— Requirement —
Among the entries below, find every line that has "table" and pull it out.

— Listed records —
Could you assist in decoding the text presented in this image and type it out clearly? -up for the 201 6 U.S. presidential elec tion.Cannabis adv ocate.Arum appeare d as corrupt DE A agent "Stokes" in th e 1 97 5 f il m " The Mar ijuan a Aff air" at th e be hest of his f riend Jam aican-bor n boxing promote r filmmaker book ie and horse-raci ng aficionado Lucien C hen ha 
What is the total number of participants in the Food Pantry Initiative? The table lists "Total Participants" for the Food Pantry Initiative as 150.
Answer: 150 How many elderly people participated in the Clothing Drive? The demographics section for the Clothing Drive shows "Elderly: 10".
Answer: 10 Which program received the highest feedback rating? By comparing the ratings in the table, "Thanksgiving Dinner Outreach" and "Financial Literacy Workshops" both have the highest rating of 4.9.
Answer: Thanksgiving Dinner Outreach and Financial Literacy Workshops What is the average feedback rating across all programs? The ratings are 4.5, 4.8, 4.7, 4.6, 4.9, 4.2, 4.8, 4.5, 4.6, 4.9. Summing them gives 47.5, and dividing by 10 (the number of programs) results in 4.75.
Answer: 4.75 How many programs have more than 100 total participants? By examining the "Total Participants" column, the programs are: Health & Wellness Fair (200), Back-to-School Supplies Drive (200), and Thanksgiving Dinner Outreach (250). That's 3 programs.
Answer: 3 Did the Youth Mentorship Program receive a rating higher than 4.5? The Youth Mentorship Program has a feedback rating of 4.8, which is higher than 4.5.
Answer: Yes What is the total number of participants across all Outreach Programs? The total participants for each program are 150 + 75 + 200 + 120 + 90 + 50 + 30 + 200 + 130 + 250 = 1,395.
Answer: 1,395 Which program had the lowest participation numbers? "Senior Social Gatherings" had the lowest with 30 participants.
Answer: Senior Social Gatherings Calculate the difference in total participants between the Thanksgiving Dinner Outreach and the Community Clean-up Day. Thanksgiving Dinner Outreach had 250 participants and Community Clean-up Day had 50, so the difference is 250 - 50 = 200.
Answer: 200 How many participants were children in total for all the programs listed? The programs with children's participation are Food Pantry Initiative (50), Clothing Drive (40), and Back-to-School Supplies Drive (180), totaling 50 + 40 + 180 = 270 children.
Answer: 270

— Response to this exercise —
What is the total number of participants in the Food Pantry Initiative? The table lists "Total Participants" for the Food Pantry Initiative as 150.
Answer: 10 Which program received the highest feedback rating? By comparing the ratings in the table, "Thanksgiving Dinner Outreach" and "Financial Literacy Workshops" both have the highest rating of 4.9.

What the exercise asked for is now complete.